The Shafi'is extend the same ruling by analogy to a container which is licked by swine. The Hanafis, however, do not allow this Hadith in the first place.[57. Muslim, Sahih Muslim, p. 41, Hadith no. 119; Ibn Hazm, Ihkam, VII, 54-55; Abu Zahrah, Usul, p.195-196. Zuhayr, Usul, IV, p. 44.]
c) 'Analogy of the Inferior' (qiyas al-adna). The effective cause in this form of qiyas is less clearly effective in the new case than the original case. Hence it is not quite so obvious whether the new case falls under the same ruling which applies to the original case. For example, the rules of riba, prohibit the exchange of wheat and of other specified commodities unless the two amounts are equal and delivery is immediate. By analogy this rule is extended to apples, since both wheat and apples are edible (according to Shafi'i) and measurable (according to Hanafi) jurists. But the `illah of this qiyas is weaker in regard to apples which, unlike wheat, are not a staple food. [57. Muslim, Sahih Muslim, p. 41, Hadith no. 119; Ibn Hazm, Ihkam, VII, 54-55; Abu Zahrah, Usul, p.195-196. Zuhayr, Usul, IV, p. 44.]
This type of qiyas is unanimously accepted as qiyas proper, but, as earlier stated, the Hanafis and some Zahiris consider the first two varieties to fall within the meaning of the text. It would appear that the Hanafis apply the term 'qiyas' only to that type of deduction which involves a measure of ijtihad. The first two varieties are too direct for the Hanafis to be considered as instances of qiyas.[58. Zuhayr, Usul, IV, 44-45; Nour, 'Qiyas', 24-45.]
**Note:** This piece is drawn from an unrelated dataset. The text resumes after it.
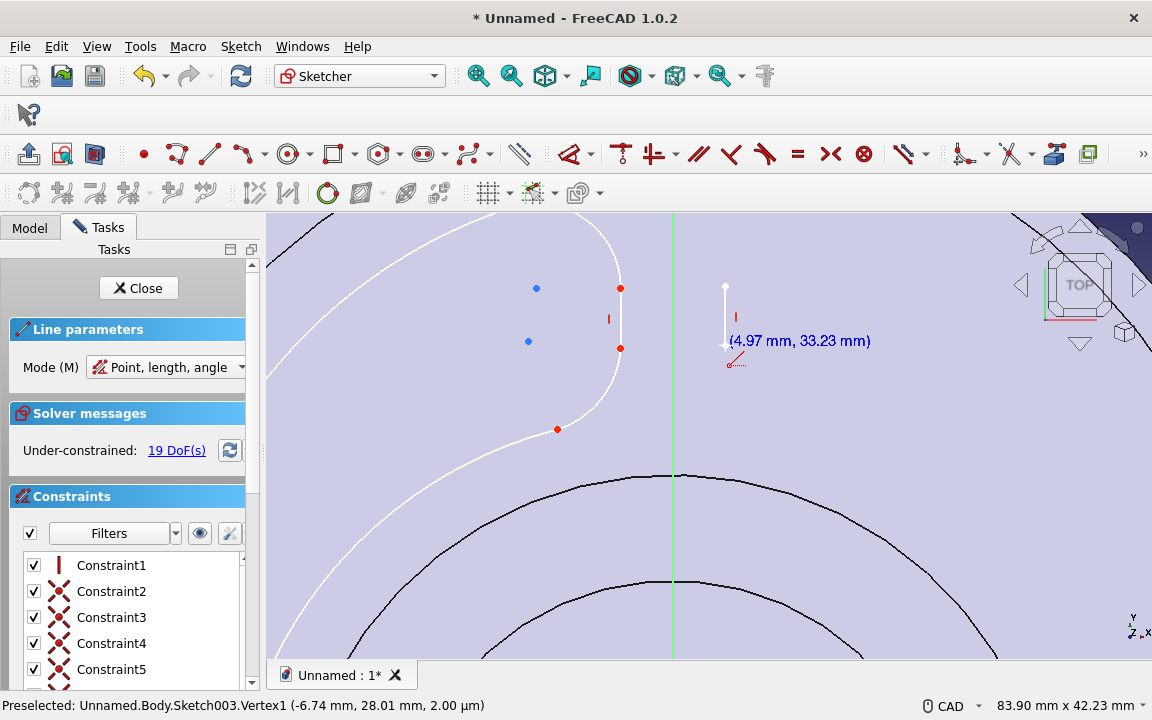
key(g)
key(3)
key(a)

Qiyas has been further divided into two types, namely 'obvious analogy' (qiyas jali) and `hidden analogy' (qiyas khafi). This is mainly a Hanafi division. In the former, the equation between the asl and far` is obvious and the discrepancy between them is removed by clear evidence. An example of this is the equation the ulema have drawn between the male and the female slave with regard to the rules of manumission. Thus if two person, jointly own a slave and one of them sets the slave free to the extent of his own share, it is the duty of the Imam to pay the other part-owner his share and release the slave. This ruling is explicit regarding the male slave, but by an `obvious analogy' the same rule is applied to the female slave. The discrepancy of gender in this case is of no consequence in regard to their manumission.[59. Shawkani, Irshad, 222; Ibn Qayyim, I'lam, I, 178; Zuhayr, Usul, IV, 45.]
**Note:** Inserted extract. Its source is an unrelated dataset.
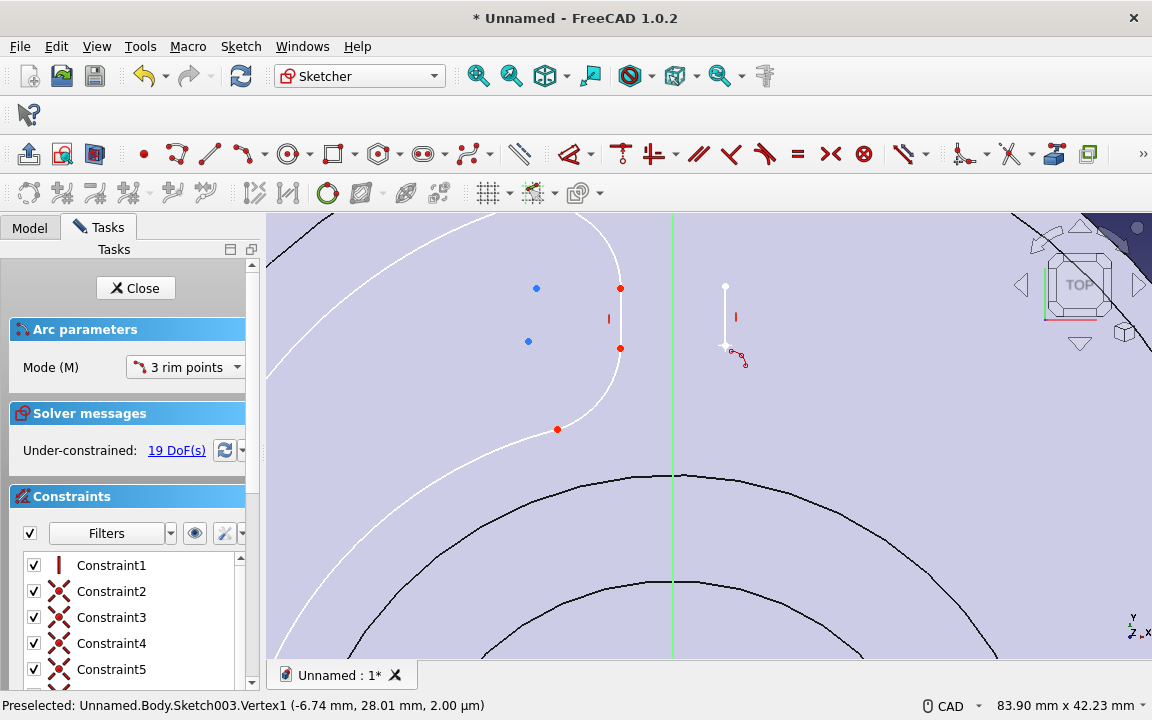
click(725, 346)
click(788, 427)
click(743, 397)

The 'hidden analogy' (qiyas khafi) differs from the 'obvious' variety in that the removal of discrepancy between the asl and the far` is by means of a probability (zann). Shawkani illustrates this with a reference to the two varieties of wine, namely nabidh, and khamr. The former is obtained from dates and the latter from grapes. The rule of prohibition is analogically extended to nabidh despite some discrepancy that might exist between the two.[60. Shawkani, Irshad, 222; Ibn Qayyim, I'lam, I, 178; Zuhayr, Usul, IV, 45.] Another example of qiyas khafi is the extension, by the majority of ulema (excepting the Hanafis), of the prescribed penalty of zina to sodomy, despite a measure of discrepancy that is known to exist between the two cases. And finally, the foregoing analysis would suggest that qiyas khafi and qiyas al-adna are substantially concurrent.
Proof (Hujjiyyah) of Qiyas
Notwithstanding the absence of a clear authority for qiyas in the Qur'an, the ulema of the four Sunni schools and the Zaydi Shi'ah have validated qiyas and have quoted several Qur'anic passages in support of their views. Thus, a reference is made to sura al-Nisa' (4:59) which reads, in an address to the believers: `should you dispute over something, refer it to God and to the Messenger, if you do believe in God'.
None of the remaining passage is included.